What is expected:
Please return the full listing word for word, leaving out any pictures.
▶
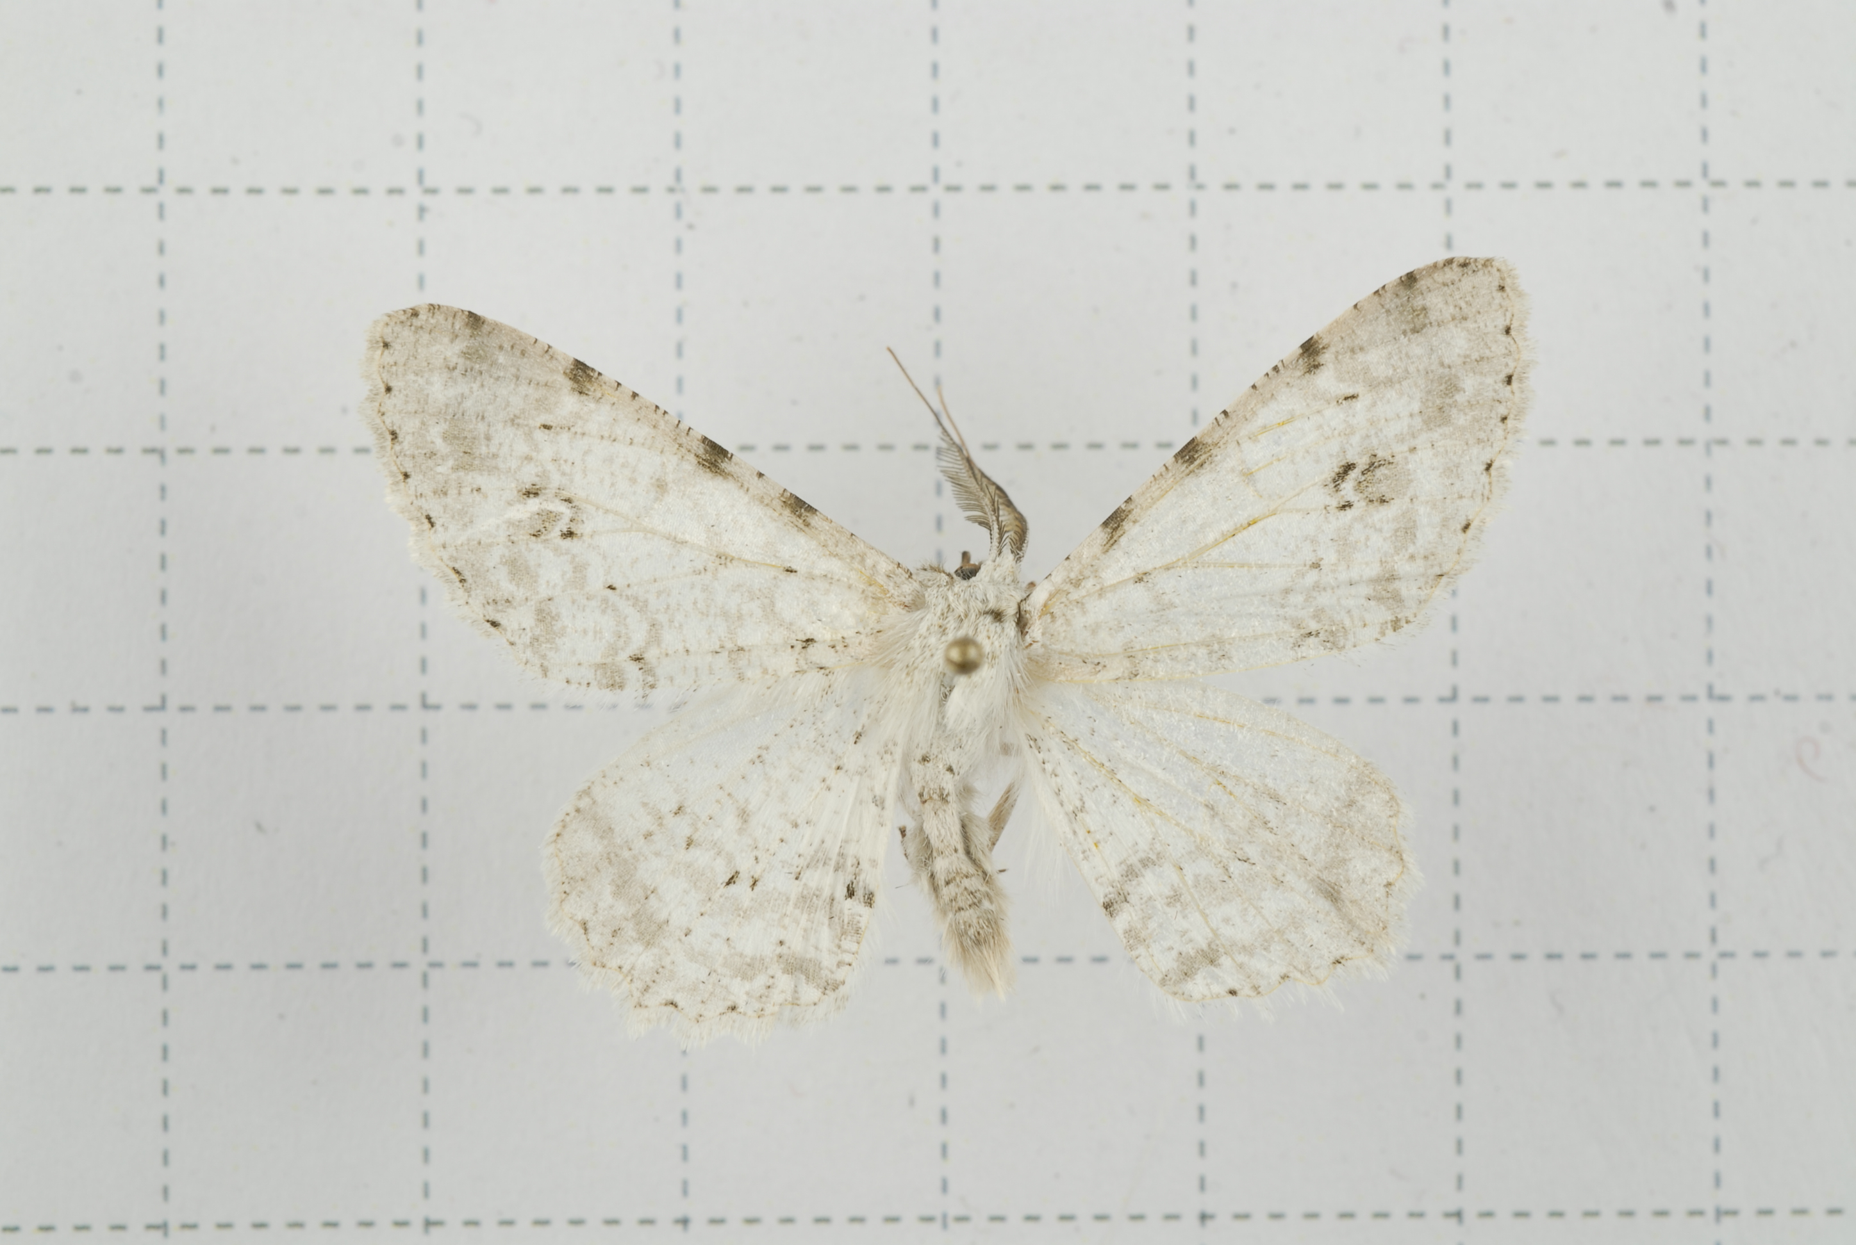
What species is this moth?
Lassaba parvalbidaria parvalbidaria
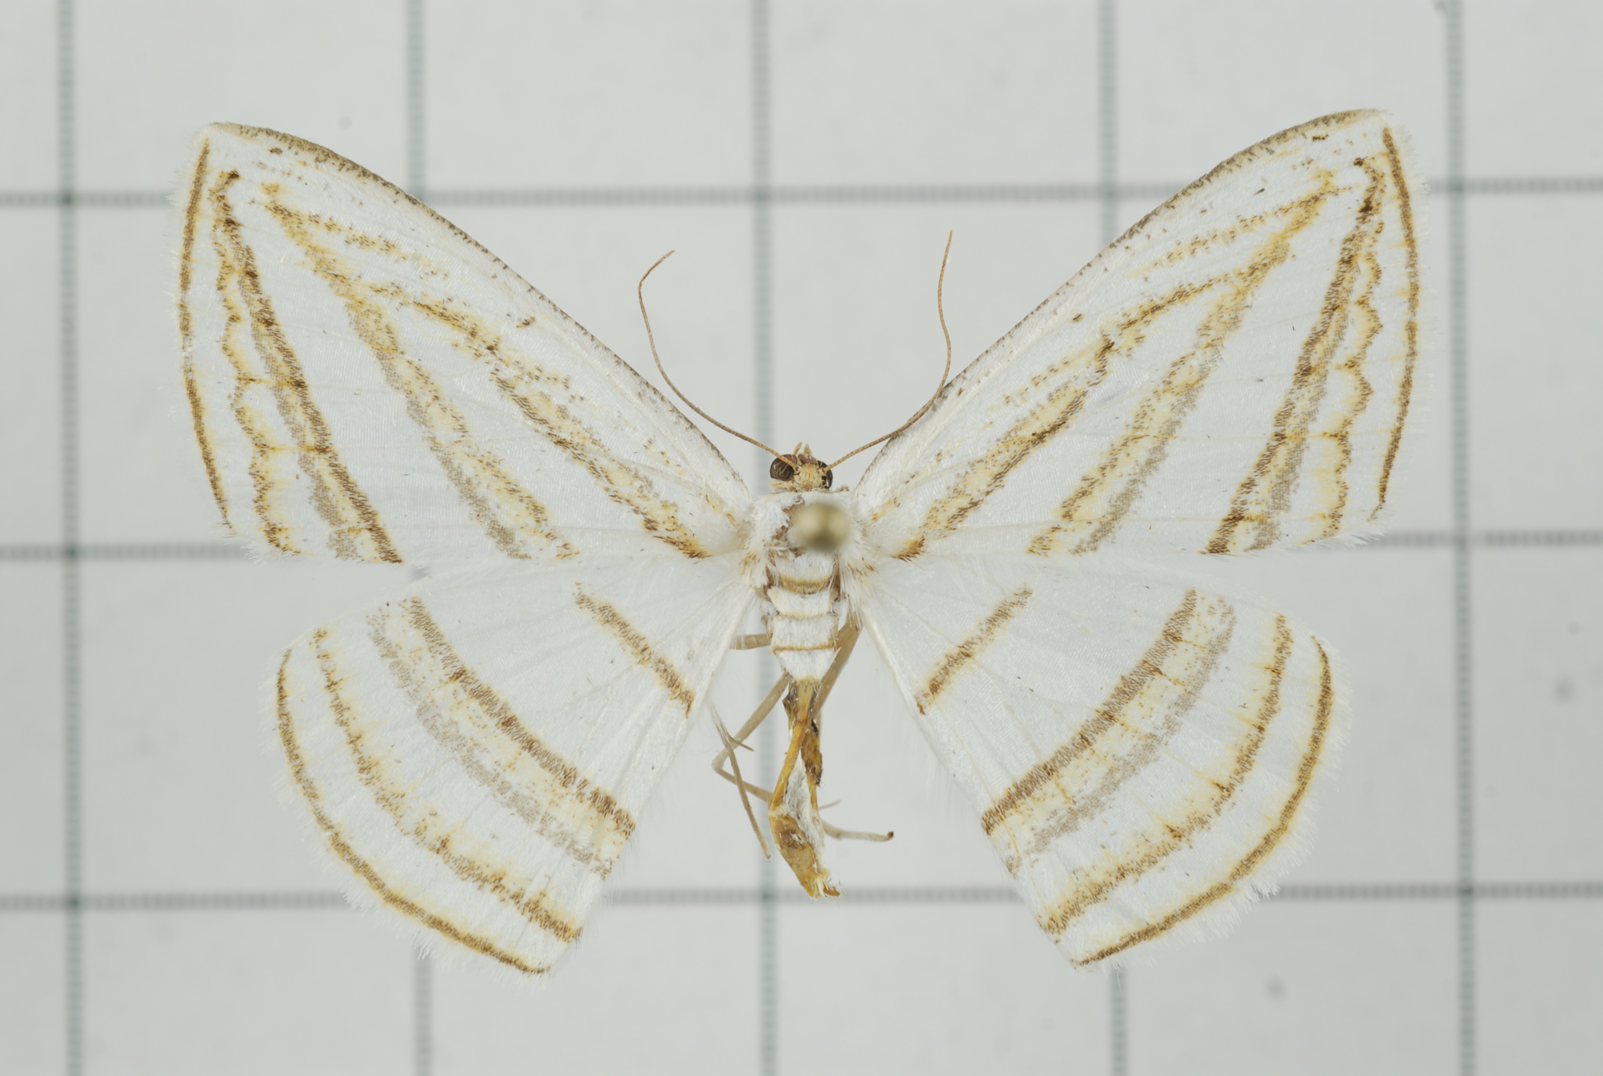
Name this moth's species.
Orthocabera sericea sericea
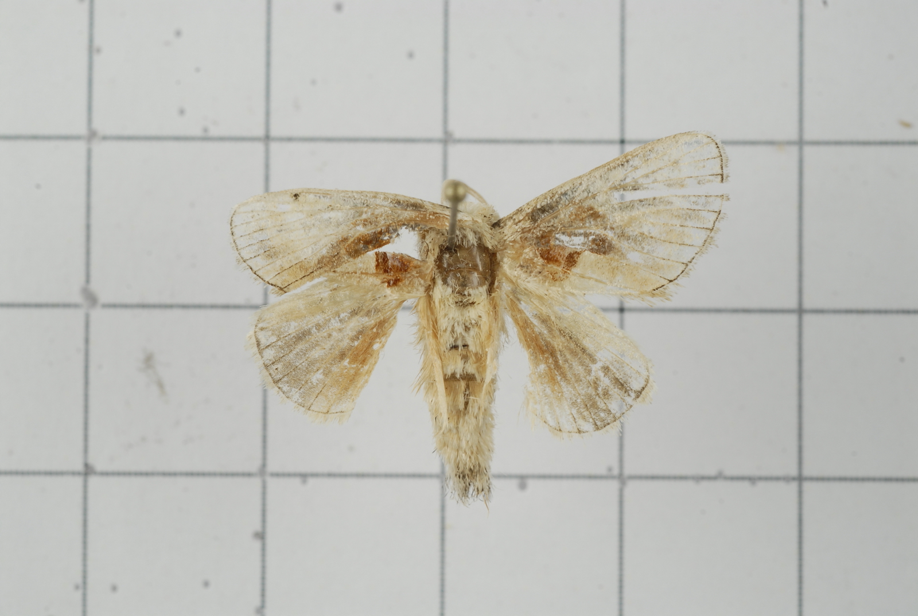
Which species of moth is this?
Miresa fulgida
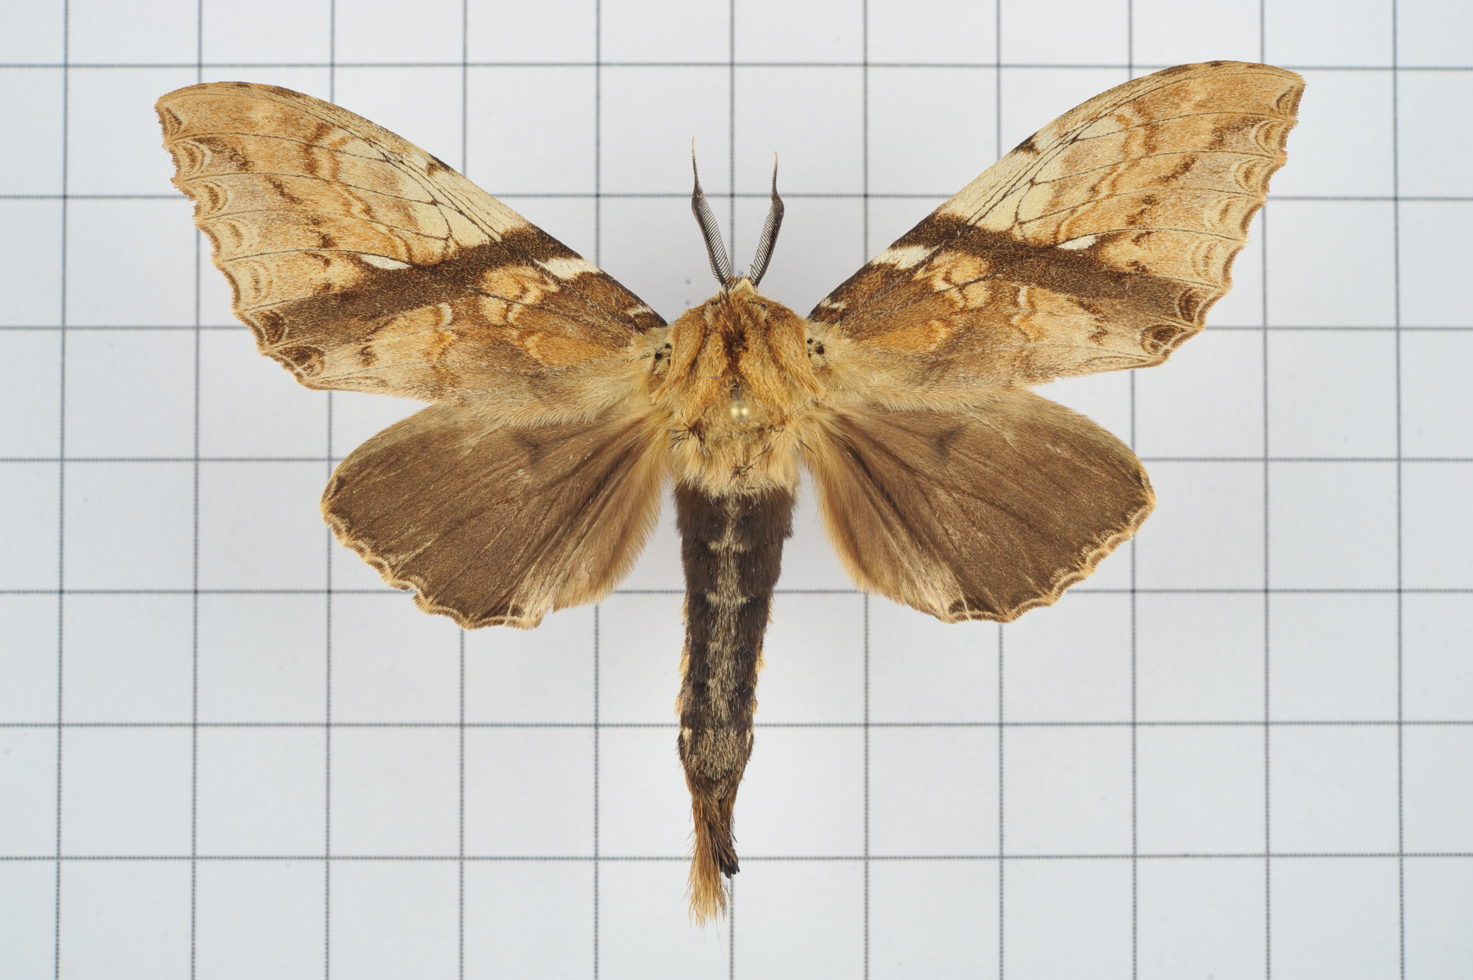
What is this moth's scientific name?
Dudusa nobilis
◀
Problem solution:
What species is this moth?
Lassaba parvalbidaria parvalbidaria
Name this moth's species.
Orthocabera sericea sericea
Which species of moth is this?
Miresa fulgida
What is this moth's scientific name?
Dudusa nobilis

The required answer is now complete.